PROBLEM = Please reproduce the entries below exactly as they stand, but leave the pictures out.

Items listed in a dataset =
--------------------------------------------------

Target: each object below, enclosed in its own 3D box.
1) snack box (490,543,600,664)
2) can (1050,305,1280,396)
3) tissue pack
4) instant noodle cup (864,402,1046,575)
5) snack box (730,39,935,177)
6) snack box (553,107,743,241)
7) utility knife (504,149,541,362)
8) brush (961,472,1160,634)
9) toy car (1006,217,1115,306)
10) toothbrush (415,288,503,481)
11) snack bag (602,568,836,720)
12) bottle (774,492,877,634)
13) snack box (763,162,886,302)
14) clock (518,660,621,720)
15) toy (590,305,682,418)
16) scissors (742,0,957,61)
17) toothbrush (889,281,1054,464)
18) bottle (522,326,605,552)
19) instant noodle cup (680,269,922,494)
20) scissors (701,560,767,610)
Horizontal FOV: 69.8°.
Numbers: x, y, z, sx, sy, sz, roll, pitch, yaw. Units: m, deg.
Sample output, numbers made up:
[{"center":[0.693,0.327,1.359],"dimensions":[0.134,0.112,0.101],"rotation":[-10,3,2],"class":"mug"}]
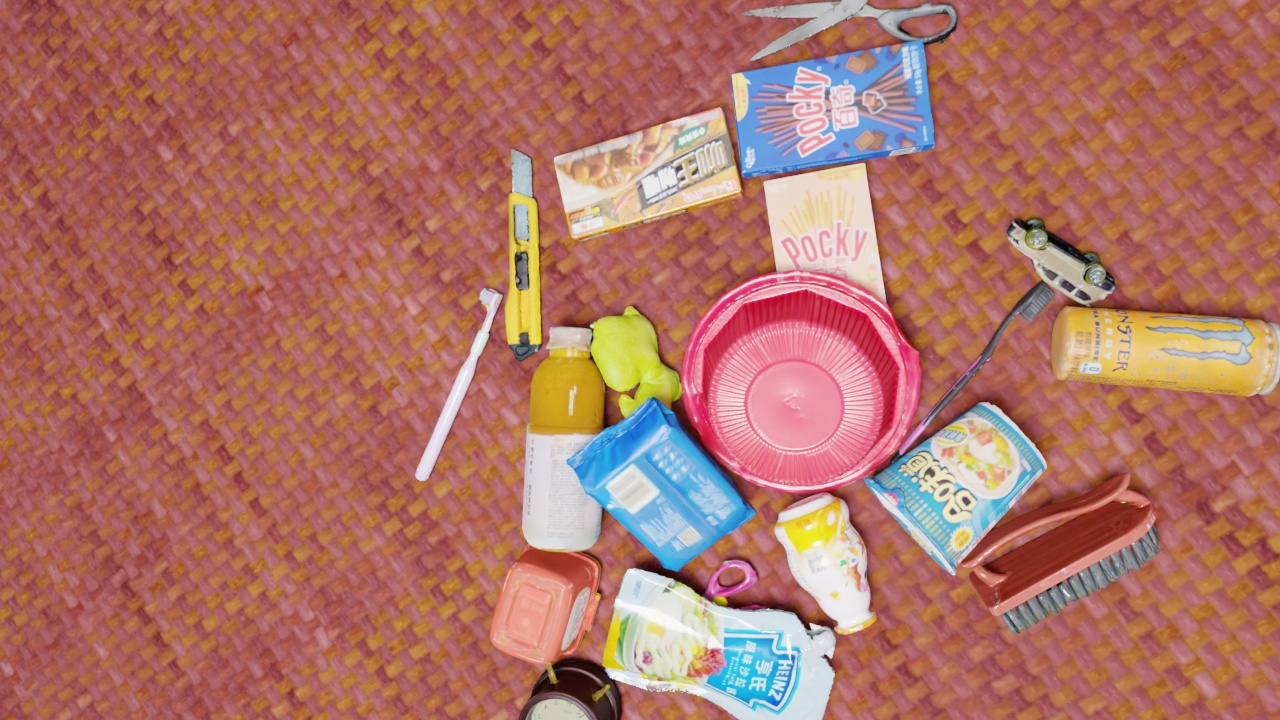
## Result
[{"center":[-0.082,0.210,0.788],"dimensions":[0.082,0.080,0.091],"rotation":[17,94,11],"class":"snack box"},{"center":[0.392,-0.008,0.692],"dimensions":[0.146,0.058,0.058],"rotation":[5,91,12],"class":"can"},{"center":[0.020,0.104,0.759],"dimensions":[0.095,0.052,0.157],"rotation":[-38,118,8],"class":"tissue pack"},{"center":[0.248,0.093,0.711],"dimensions":[0.110,0.099,0.099],"rotation":[-41,82,2],"class":"instant noodle cup"},{"center":[0.157,-0.206,0.758],"dimensions":[0.157,0.026,0.084],"rotation":[-7,90,12],"class":"snack box"},{"center":[0.006,-0.159,0.792],"dimensions":[0.154,0.026,0.075],"rotation":[-14,88,12],"class":"snack box"},{"center":[-0.107,-0.095,0.823],"dimensions":[0.033,0.015,0.193],"rotation":[-2,90,10],"class":"utility knife"},{"center":[0.325,0.144,0.706],"dimensions":[0.146,0.063,0.069],"rotation":[-32,97,10],"class":"brush"},{"center":[0.324,-0.079,0.714],"dimensions":[0.090,0.042,0.035],"rotation":[36,117,4],"class":"toy car"},{"center":[-0.167,0.024,0.837],"dimensions":[0.021,0.029,0.189],"rotation":[19,97,-26],"class":"toothbrush"},{"center":[0.067,0.246,0.770],"dimensions":[0.191,0.038,0.110],"rotation":[15,99,9],"class":"snack bag"},{"center":[0.154,0.165,0.744],"dimensions":[0.063,0.063,0.108],"rotation":[-24,85,11],"class":"bottle"},{"center":[0.155,-0.078,0.760],"dimensions":[0.084,0.026,0.157],"rotation":[-9,89,13],"class":"snack box"},{"center":[-0.065,0.321,0.796],"dimensions":[0.082,0.055,0.122],"rotation":[17,101,11],"class":"clock"},{"center":[-0.005,0.005,0.777],"dimensions":[0.100,0.096,0.031],"rotation":[39,141,-13],"class":"toy"},{"center":[0.179,-0.295,0.762],"dimensions":[0.159,0.014,0.171],"rotation":[35,100,12],"class":"scissors"},{"center":[0.267,0.014,0.744],"dimensions":[0.018,0.014,0.189],"rotation":[38,99,-3],"class":"toothbrush"},{"center":[-0.064,0.066,0.788],"dimensions":[0.068,0.068,0.189],"rotation":[2,89,12],"class":"bottle"},{"center":[0.124,0.027,0.727],"dimensions":[0.194,0.065,0.194],"rotation":[3,105,11],"class":"instant noodle cup"},{"center":[0.050,0.228,0.795],"dimensions":[0.138,0.017,0.077],"rotation":[-31,93,15],"class":"scissors"}]

--------------------------------------------------

REPLY =
Target: each object below, enclosed in its own 3D box.
1) snack box (490,543,600,664)
2) can (1050,305,1280,396)
3) tissue pack
4) instant noodle cup (864,402,1046,575)
5) snack box (730,39,935,177)
6) snack box (553,107,743,241)
7) utility knife (504,149,541,362)
8) brush (961,472,1160,634)
9) toy car (1006,217,1115,306)
10) toothbrush (415,288,503,481)
11) snack bag (602,568,836,720)
12) bottle (774,492,877,634)
13) snack box (763,162,886,302)
14) clock (518,660,621,720)
15) toy (590,305,682,418)
16) scissors (742,0,957,61)
17) toothbrush (889,281,1054,464)
18) bottle (522,326,605,552)
19) instant noodle cup (680,269,922,494)
20) scissors (701,560,767,610)
Horizontal FOV: 69.8°.
Numbers: x, y, z, sx, sy, sz, roll, pitch, yaw. Units: m, deg.
Sample output, numbers made up:
[{"center":[0.693,0.327,1.359],"dimensions":[0.134,0.112,0.101],"rotation":[-10,3,2],"class":"mug"}]
## Result
[{"center":[-0.082,0.210,0.788],"dimensions":[0.082,0.080,0.091],"rotation":[17,94,11],"class":"snack box"},{"center":[0.392,-0.008,0.692],"dimensions":[0.146,0.058,0.058],"rotation":[5,91,12],"class":"can"},{"center":[0.020,0.104,0.759],"dimensions":[0.095,0.052,0.157],"rotation":[-38,118,8],"class":"tissue pack"},{"center":[0.248,0.093,0.711],"dimensions":[0.110,0.099,0.099],"rotation":[-41,82,2],"class":"instant noodle cup"},{"center":[0.157,-0.206,0.758],"dimensions":[0.157,0.026,0.084],"rotation":[-7,90,12],"class":"snack box"},{"center":[0.006,-0.159,0.792],"dimensions":[0.154,0.026,0.075],"rotation":[-14,88,12],"class":"snack box"},{"center":[-0.107,-0.095,0.823],"dimensions":[0.033,0.015,0.193],"rotation":[-2,90,10],"class":"utility knife"},{"center":[0.325,0.144,0.706],"dimensions":[0.146,0.063,0.069],"rotation":[-32,97,10],"class":"brush"},{"center":[0.324,-0.079,0.714],"dimensions":[0.090,0.042,0.035],"rotation":[36,117,4],"class":"toy car"},{"center":[-0.167,0.024,0.837],"dimensions":[0.021,0.029,0.189],"rotation":[19,97,-26],"class":"toothbrush"},{"center":[0.067,0.246,0.770],"dimensions":[0.191,0.038,0.110],"rotation":[15,99,9],"class":"snack bag"},{"center":[0.154,0.165,0.744],"dimensions":[0.063,0.063,0.108],"rotation":[-24,85,11],"class":"bottle"},{"center":[0.155,-0.078,0.760],"dimensions":[0.084,0.026,0.157],"rotation":[-9,89,13],"class":"snack box"},{"center":[-0.065,0.321,0.796],"dimensions":[0.082,0.055,0.122],"rotation":[17,101,11],"class":"clock"},{"center":[-0.005,0.005,0.777],"dimensions":[0.100,0.096,0.031],"rotation":[39,141,-13],"class":"toy"},{"center":[0.179,-0.295,0.762],"dimensions":[0.159,0.014,0.171],"rotation":[35,100,12],"class":"scissors"},{"center":[0.267,0.014,0.744],"dimensions":[0.018,0.014,0.189],"rotation":[38,99,-3],"class":"toothbrush"},{"center":[-0.064,0.066,0.788],"dimensions":[0.068,0.068,0.189],"rotation":[2,89,12],"class":"bottle"},{"center":[0.124,0.027,0.727],"dimensions":[0.194,0.065,0.194],"rotation":[3,105,11],"class":"instant noodle cup"},{"center":[0.050,0.228,0.795],"dimensions":[0.138,0.017,0.077],"rotation":[-31,93,15],"class":"scissors"}]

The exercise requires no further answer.